Camera-Scoped Filtering: Searches can be narrowed to a specific set of cameras, letting investigators focus on the entrances, zones, or devices relevant to an incident.
Index Statistics: A companion read query reports aggregate index health, including total embeddings, number of cameras indexed, and the earliest and latest indexed frame timestamps, so teams know exactly what coverage their archive holds.
Separated Ingestion Pipeline: Frame metadata is written by an independent embedding worker, keeping high-volume ingestion isolated from low-latency search so neither degrades the other.
Per-Organisation Feature Gating: The capability is enabled per organisation behind both a surveillance flag and a dedicated frame-search flag, so it can be rolled out selectively and switched off cleanly.

Use Cases#

Transport and Transit Authorities: An operator reviewing a theft can query "person leaving a bag near the ticket barriers at 10pm" and receive ranked, timestamped frames from the relevant platform cameras within milliseconds, rather than manually scanning each recording.
Critical Infrastructure and Facilities Security: Site security teams locate a described individual, vehicle, or item of interest across many cameras at once, then jump straight to the source recording for the surrounding context.
Investigations and Post-Incident Review: Investigators reconstruct a timeline by issuing successive descriptive queries, assembling a sequence of contextual frames across cameras and coverage areas without trawling raw footage.
Intelligence and Analysis Teams: Analysts retrieve corroborating visual evidence by describing scenes in natural language, surfacing frames that traditional keyword or time-range filters would miss.
Retail and Venue Loss Prevention: Loss-prevention staff describe a suspicious behaviour or appearance and immediately review the matching frames across entrances and aisles.

Integration#

The capability is exposed through the platform's typed integration layer.
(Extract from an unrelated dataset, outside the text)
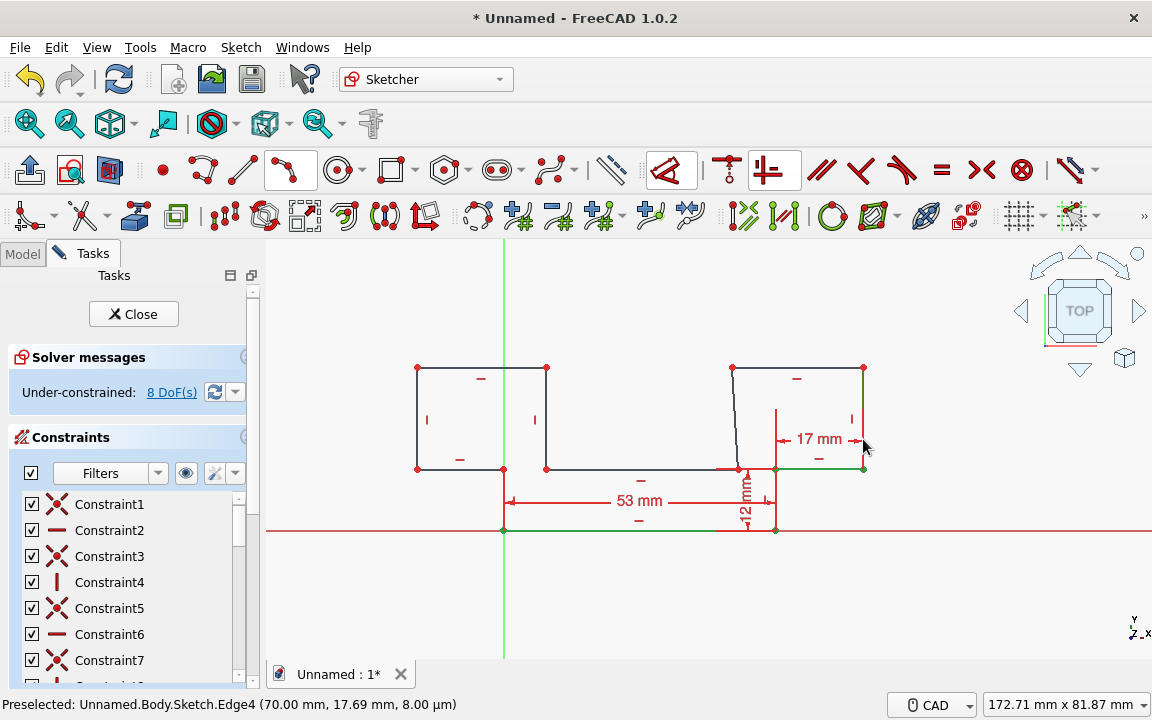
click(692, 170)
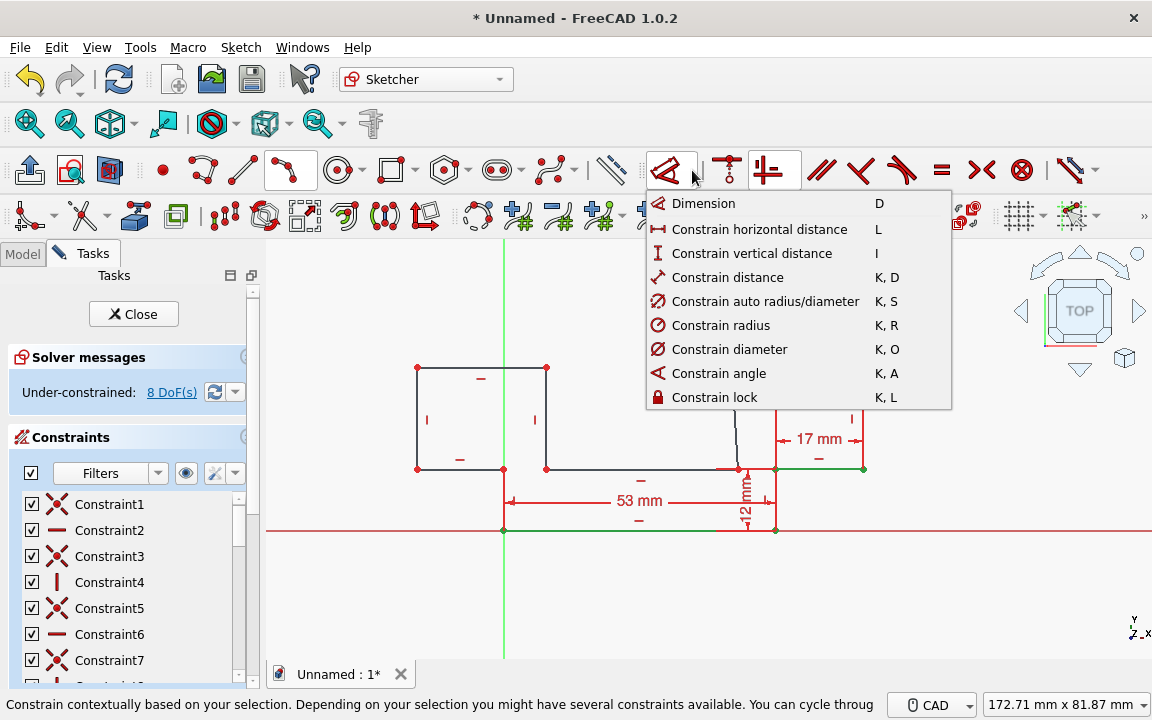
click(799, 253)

A single search query accepts a free-text description, an optional list of camera identifiers, a result count, and a minimum-similarity threshold, and returns a ranked list of enriched frame results together with the elapsed query time. A separate read query returns aggregate index statistics for the organisation. Ingestion is handled by a companion embedding worker that persists frame metadata, so customers building their own capture pipelines have a clean seam to write into.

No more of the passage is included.